Tickets and Entry Fee
There's a ticket booth at the top of the hill, at the entrance to the caves. The entry fee is 20 rupees for Indians and 200 rupees for foreigners.
History and Architecture
The Karla Caves were once a Buddhist monastery and consist of 16 excavations/caves. Most of the caves belong the early Hinayana phase of Buddhism, except for three from the later Mahayana phase.
The main cave is the huge prayer/assembly hall, known as a chaityagriha, that's believed to date back to the 1st century BC. It has a magnificent roof made out of carved teak wood, rows of pillars decorated with sculptures of men, women, elephants and horses, and a large sun window at the entrance that deflects rays of light towards the stupa at the rear.
The other 15 excavations are much smaller monastery living and prayer spaces, known as viharas.
What's interesting to note is that the caves contain few representations of the Buddha (large feature images of the Buddha were only introduced during the later Mahayana phase of Buddhist architecture, from the 5th century AD). Instead, the outer walls of the main hall are predominantly decorated with sculptures of couples and elephants. There's also a towering pillar with lions atop it at the entrance, similar to the lion pillar erected by Emperor Ashoka at Sarnath in Uttar Pradesh to mark the spot where Buddha gave his first discourse after he became enlightened. (A graphic representation of it was adopted as the national emblem of India in 1950).
Reaching the Karla Caves requires a walk up 350 steps from the base of the hill, or nearly 200 steps from the car park around half way up the hill.

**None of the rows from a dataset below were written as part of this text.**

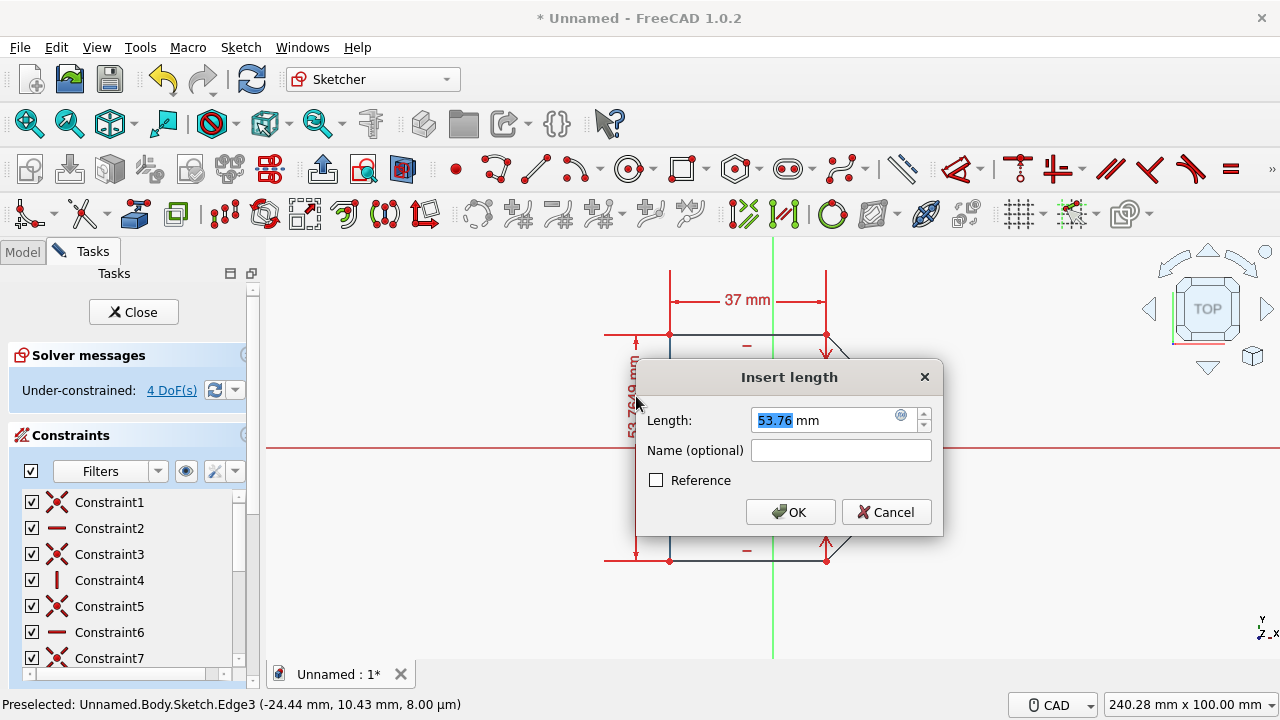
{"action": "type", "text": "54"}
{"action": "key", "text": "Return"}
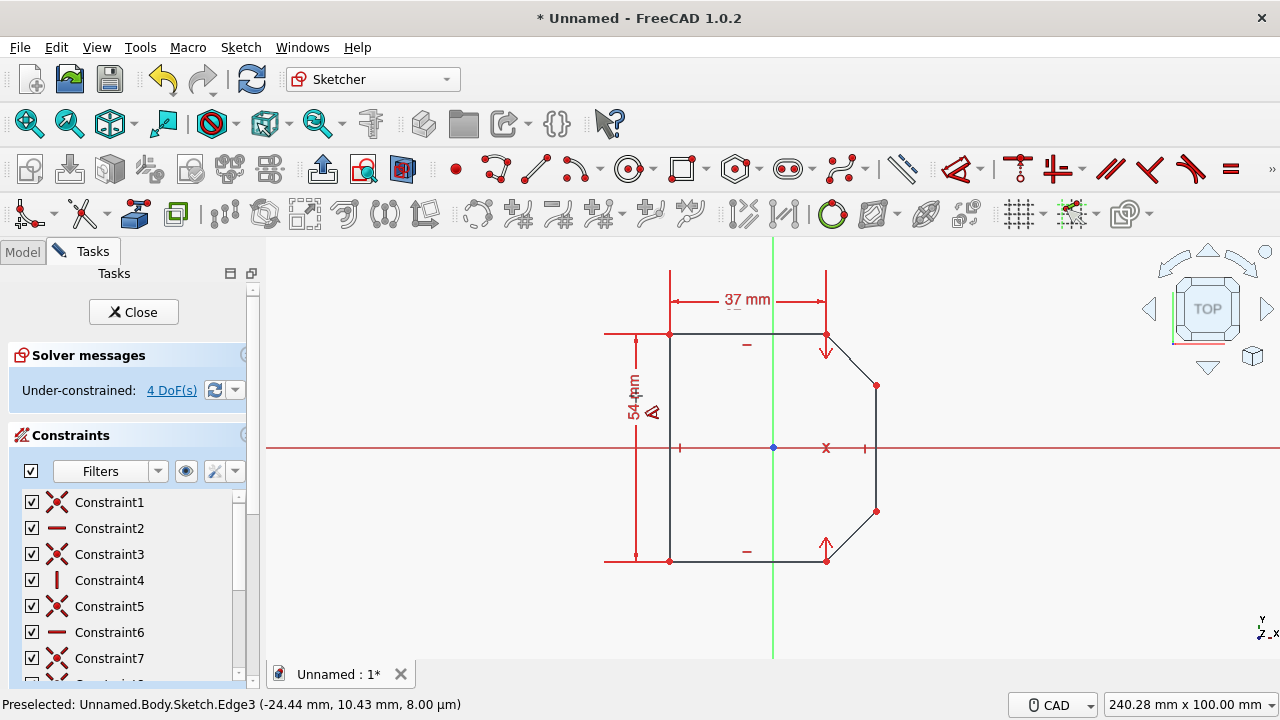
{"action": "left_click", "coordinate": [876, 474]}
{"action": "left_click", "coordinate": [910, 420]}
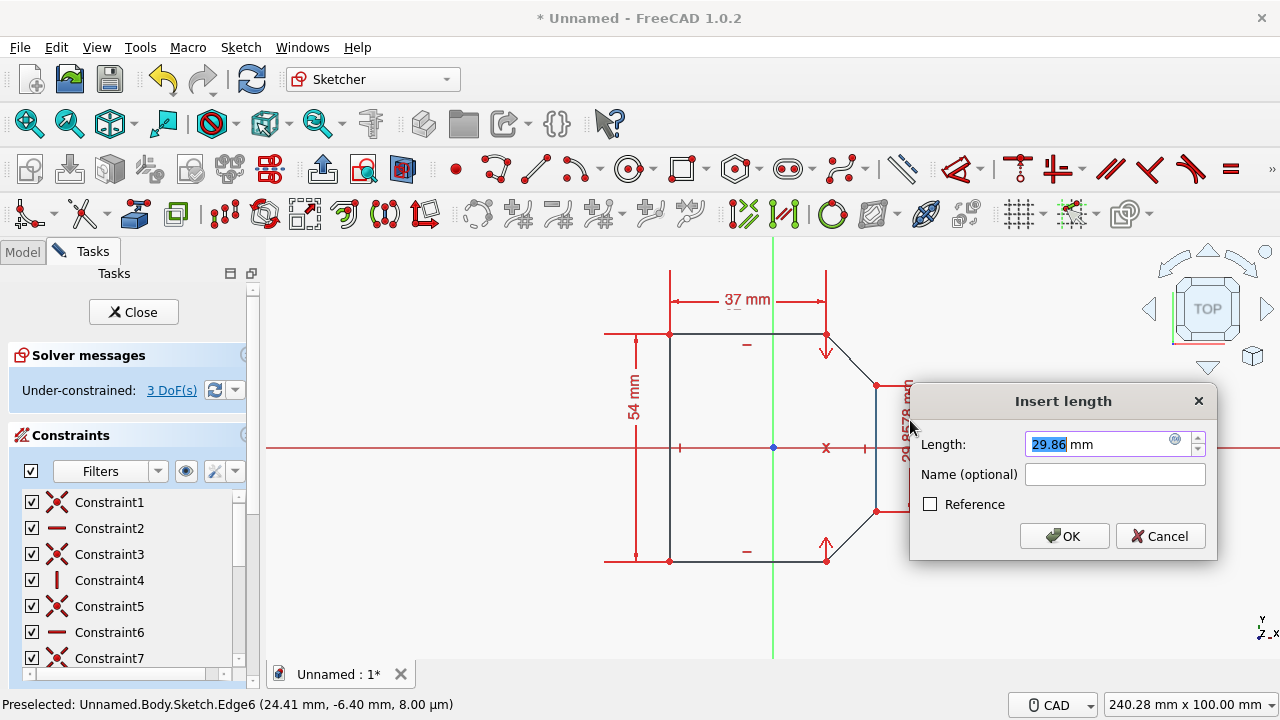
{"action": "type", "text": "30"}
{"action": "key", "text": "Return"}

As there's also a Hindu temple (the Ekvira temple, dedicated to a tribal goddess worshiped by the Koli fishermen community) next to the caves, the steps are lined with vendors selling religious paraphernalia, snacks, and drinks. There's a vegetarian restaurant in the car park as well. The area does get quite busy with pilgrims coming to visit the temple rather than the caves.
Unfortunately, at times, it gets crowded and noisy, and these people have little appreciation for the caves and their significance. Avoid going there on Sundays in particular.
There's also another set of caves at Bhaja, 8 kilometers south of Karla. They're similar in design to the Karla Caves (although Karla has the most impressive single cave, the architecture at Bhaja is better) and much quieter. If you're really interested in caves and Buddhist architecture, you may also wish to visit the more remote and less frequented Bhedsa Caves located closer to Kamshet.
If you wish to stay in the vicinity, the Maharashtra Tourism Development Corporation has an average property at Karla on the Mumbai-Pune Expressway. You can read reviews of it here. You'll find more attractive options at Lonavala though.